§ **Exercise prompt**
Please count the lines in the data below that hold the word "made", and give only the number.

§ **Information supplied**
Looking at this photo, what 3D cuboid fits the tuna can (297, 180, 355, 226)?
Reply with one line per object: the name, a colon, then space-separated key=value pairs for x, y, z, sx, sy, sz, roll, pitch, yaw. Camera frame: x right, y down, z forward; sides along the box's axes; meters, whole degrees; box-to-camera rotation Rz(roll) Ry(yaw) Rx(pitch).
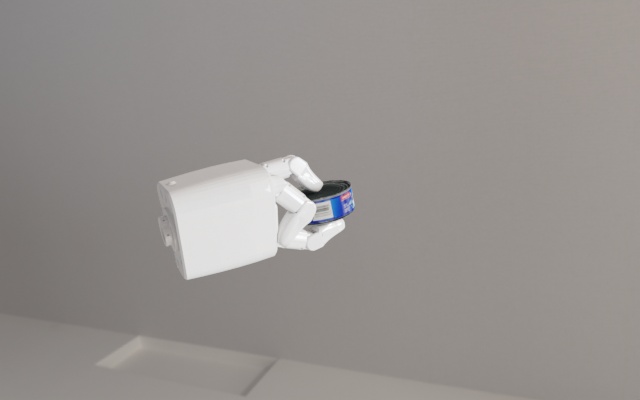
tuna can: x=0.000 y=0.003 z=0.611 sx=0.086 sy=0.034 sz=0.086 roll=-11 pitch=15 yaw=3
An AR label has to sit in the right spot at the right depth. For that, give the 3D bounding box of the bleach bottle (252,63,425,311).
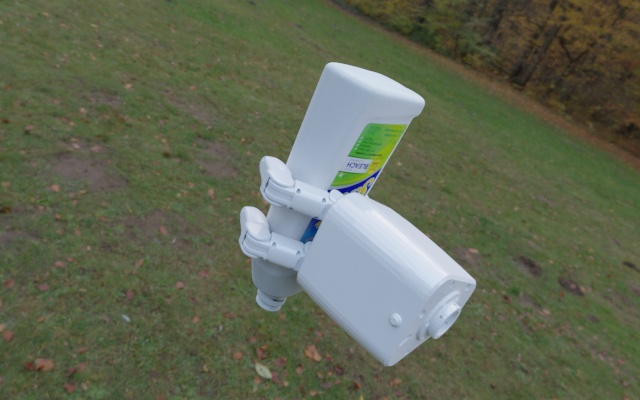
[{"bbox_3d":[0.000,0.001,0.457,0.068,0.251,0.102,40,27,30],"label":"bleach bottle"}]
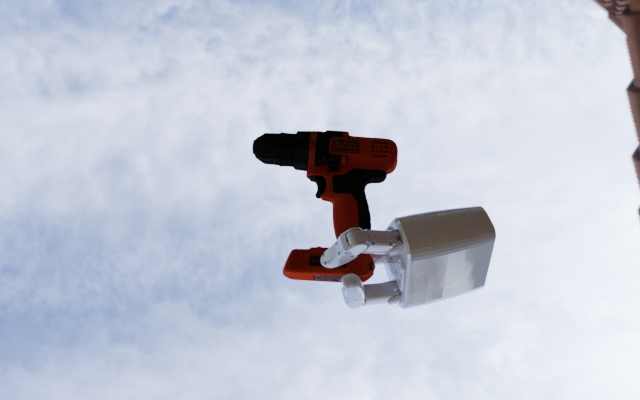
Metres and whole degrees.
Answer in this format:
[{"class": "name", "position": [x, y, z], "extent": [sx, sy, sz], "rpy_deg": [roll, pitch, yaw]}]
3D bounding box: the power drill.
[{"class": "power drill", "position": [0.000, 0.002, 0.582], "extent": [0.184, 0.187, 0.057], "rpy_deg": [3, -18, 4]}]
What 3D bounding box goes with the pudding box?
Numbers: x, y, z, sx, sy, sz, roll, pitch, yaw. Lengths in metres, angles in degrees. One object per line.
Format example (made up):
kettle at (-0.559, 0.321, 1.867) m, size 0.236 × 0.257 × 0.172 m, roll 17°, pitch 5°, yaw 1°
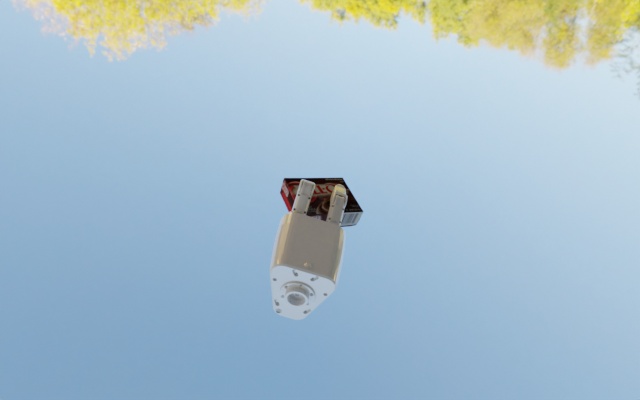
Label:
pudding box at (0.000, 0.003, 0.780) m, size 0.113 × 0.039 × 0.090 m, roll 0°, pitch 42°, yaw -28°
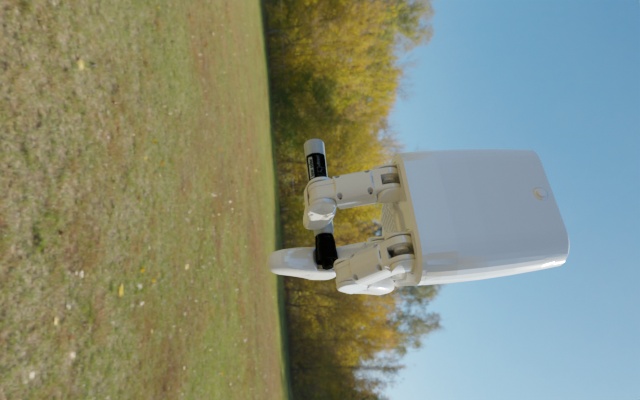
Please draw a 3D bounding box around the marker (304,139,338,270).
[{"bbox_3d":[0.000,0.001,0.414,0.020,0.121,0.020,-5,-27,-3],"label":"marker"}]
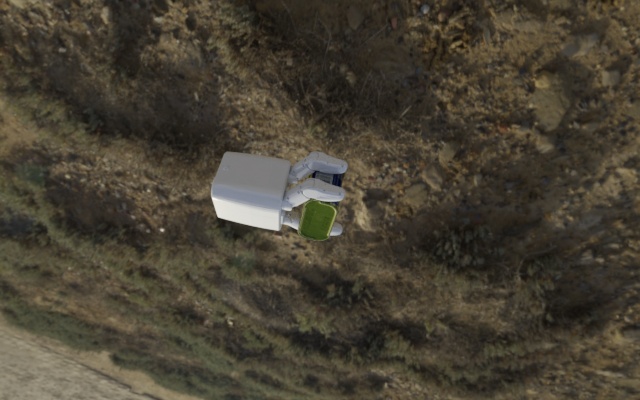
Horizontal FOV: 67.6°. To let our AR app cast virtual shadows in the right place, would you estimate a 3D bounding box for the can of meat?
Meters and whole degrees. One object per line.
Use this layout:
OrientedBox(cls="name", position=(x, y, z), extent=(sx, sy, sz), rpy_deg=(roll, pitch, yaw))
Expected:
OrientedBox(cls="can of meat", position=(0.000, 0.003, 0.751), extent=(0.057, 0.084, 0.102), rpy_deg=(13, -41, -3))
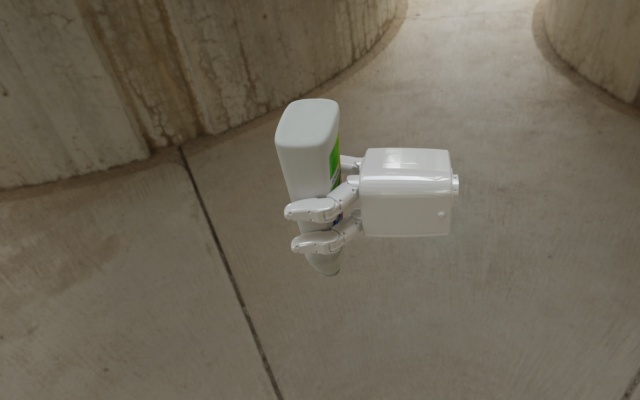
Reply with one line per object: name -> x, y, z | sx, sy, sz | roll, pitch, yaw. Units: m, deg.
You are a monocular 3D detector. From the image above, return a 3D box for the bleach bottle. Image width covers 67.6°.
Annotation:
bleach bottle -> 0.000, 0.002, 0.623 | 0.068, 0.251, 0.102 | 2, 42, 13
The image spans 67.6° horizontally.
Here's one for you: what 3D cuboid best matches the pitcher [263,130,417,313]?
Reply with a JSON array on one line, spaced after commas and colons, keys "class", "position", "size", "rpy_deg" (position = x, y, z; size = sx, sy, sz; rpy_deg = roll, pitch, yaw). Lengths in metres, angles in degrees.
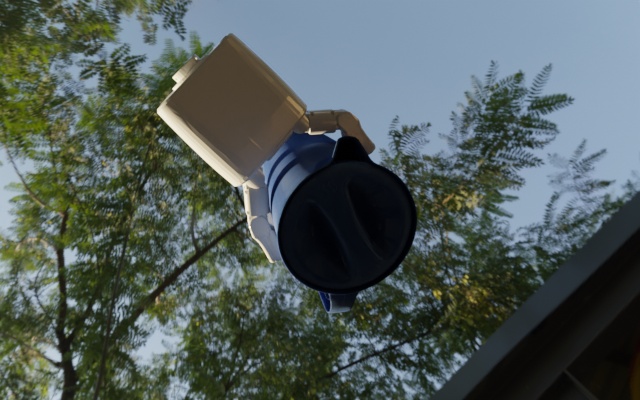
[{"class": "pitcher", "position": [0.000, 0.002, 0.545], "size": [0.145, 0.149, 0.242], "rpy_deg": [42, 5, -22]}]
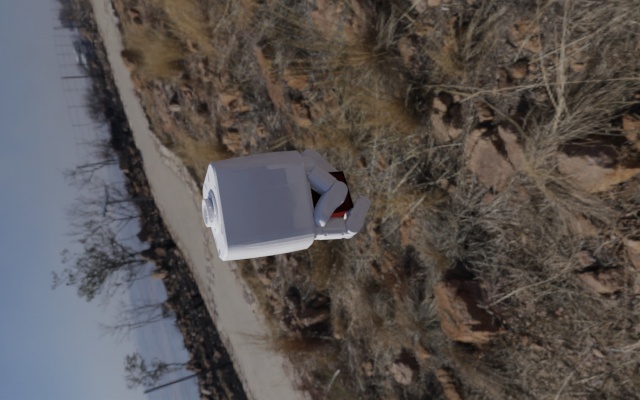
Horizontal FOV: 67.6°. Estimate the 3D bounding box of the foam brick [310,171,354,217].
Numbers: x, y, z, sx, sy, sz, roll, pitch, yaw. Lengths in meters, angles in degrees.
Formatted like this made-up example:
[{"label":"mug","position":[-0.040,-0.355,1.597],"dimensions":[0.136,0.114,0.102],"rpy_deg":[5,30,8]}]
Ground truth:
[{"label":"foam brick","position":[0.000,0.002,0.620],"dimensions":[0.051,0.053,0.078],"rpy_deg":[-8,-20,-23]}]
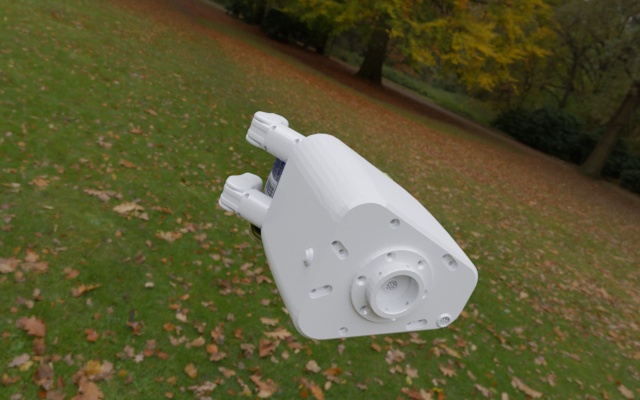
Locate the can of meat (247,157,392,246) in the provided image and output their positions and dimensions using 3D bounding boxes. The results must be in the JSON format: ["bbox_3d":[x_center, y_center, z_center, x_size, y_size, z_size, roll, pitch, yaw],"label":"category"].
[{"bbox_3d":[0.000,0.001,0.407,0.102,0.084,0.057,17,18,-19],"label":"can of meat"}]
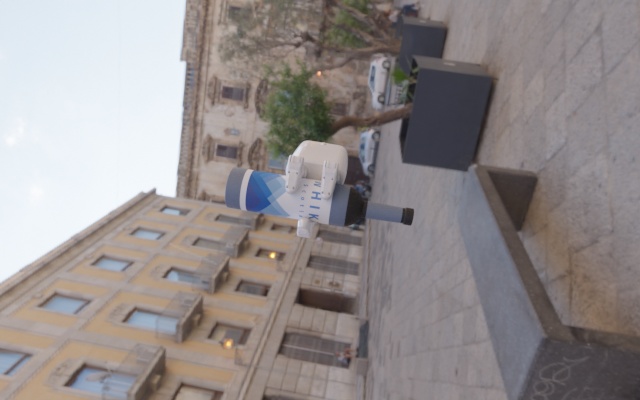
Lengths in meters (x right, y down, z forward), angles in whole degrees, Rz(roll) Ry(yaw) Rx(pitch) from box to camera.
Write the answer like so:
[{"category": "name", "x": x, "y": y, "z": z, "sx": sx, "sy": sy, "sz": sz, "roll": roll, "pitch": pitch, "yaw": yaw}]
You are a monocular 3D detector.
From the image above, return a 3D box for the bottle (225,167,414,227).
[{"category": "bottle", "x": 0.000, "y": 0.003, "z": 0.763, "sx": 0.296, "sy": 0.069, "sz": 0.069, "roll": 9, "pitch": 1, "yaw": 4}]
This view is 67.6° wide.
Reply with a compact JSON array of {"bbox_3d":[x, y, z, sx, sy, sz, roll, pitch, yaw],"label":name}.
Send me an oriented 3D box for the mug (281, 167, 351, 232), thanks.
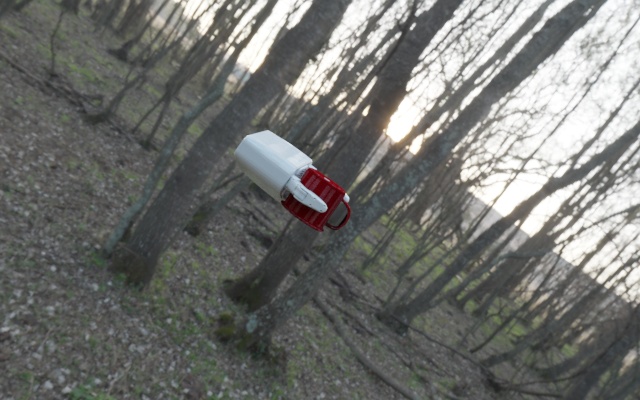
[{"bbox_3d":[0.001,0.003,0.840,0.117,0.081,0.093,36,6,6],"label":"mug"}]

§ **Output of the task**
2